_Activity_. With the pictures omitted, transcribe each line below exactly as it is.
#### Supplied records
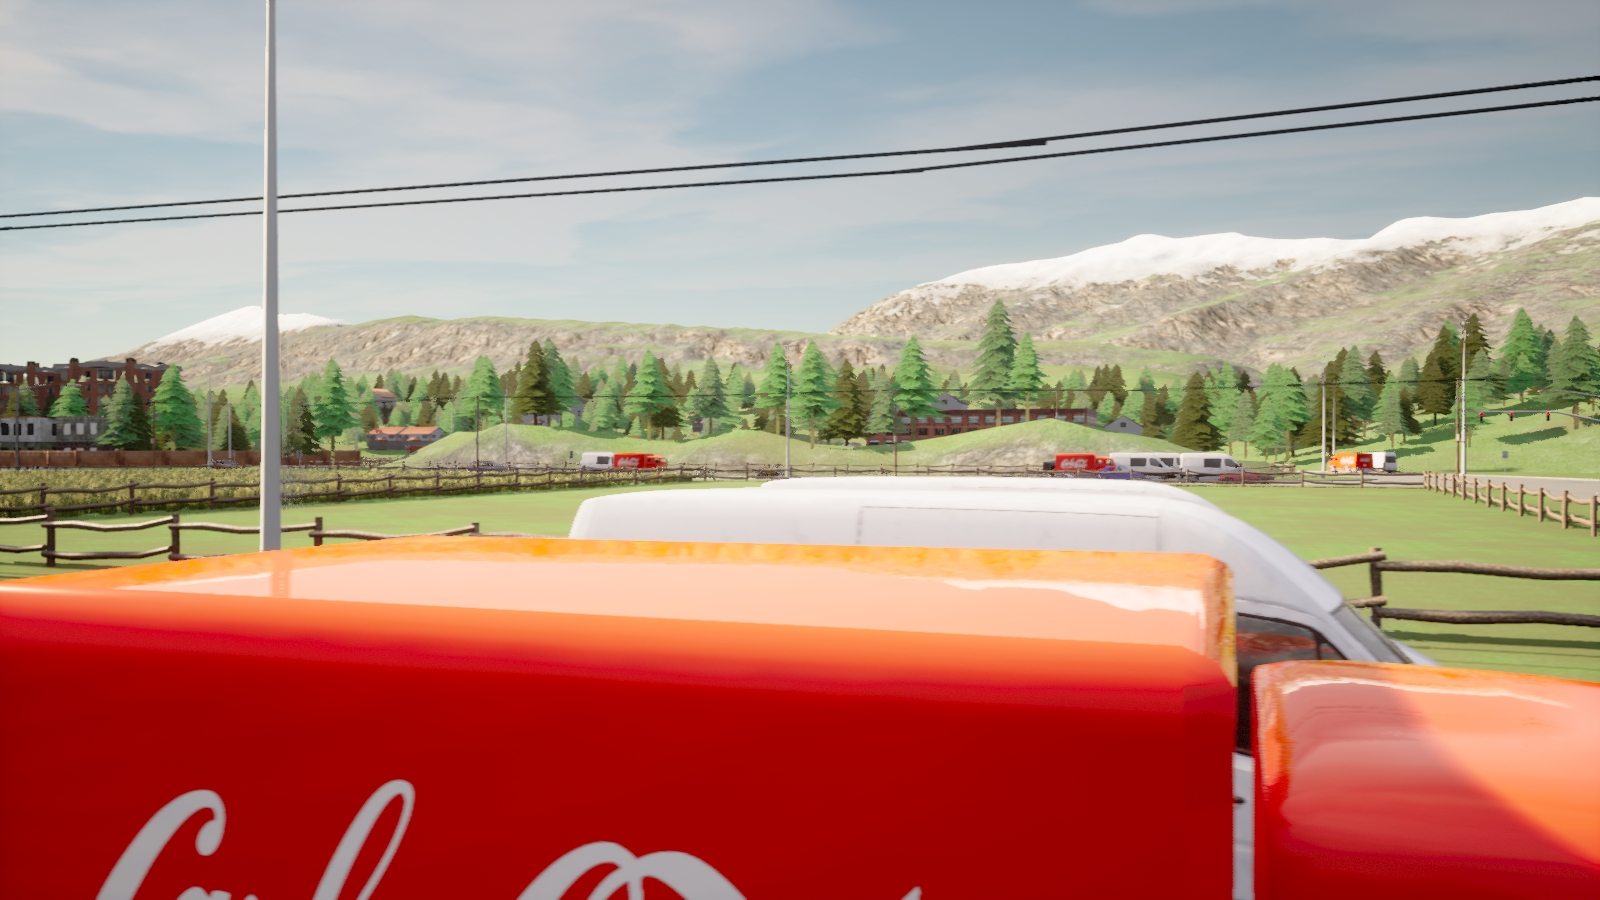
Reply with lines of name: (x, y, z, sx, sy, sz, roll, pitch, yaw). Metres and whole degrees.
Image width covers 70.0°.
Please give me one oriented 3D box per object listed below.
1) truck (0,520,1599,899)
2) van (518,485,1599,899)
truck: (0.383, 1.567, 3.230, 5.204, 2.467, 2.627, 0, 0, 21)
van: (1.502, 1.534, 6.472, 5.915, 2.561, 1.988, 0, 0, 20)
########
_Response_.
Reply with lines of name: (x, y, z, sx, sy, sz, roll, pitch, yaw). Metres and whole degrees.
Image width covers 70.0°.
Please give me one oriented 3D box per object listed below.
1) truck (0,520,1599,899)
2) van (518,485,1599,899)
truck: (0.383, 1.567, 3.230, 5.204, 2.467, 2.627, 0, 0, 21)
van: (1.502, 1.534, 6.472, 5.915, 2.561, 1.988, 0, 0, 20)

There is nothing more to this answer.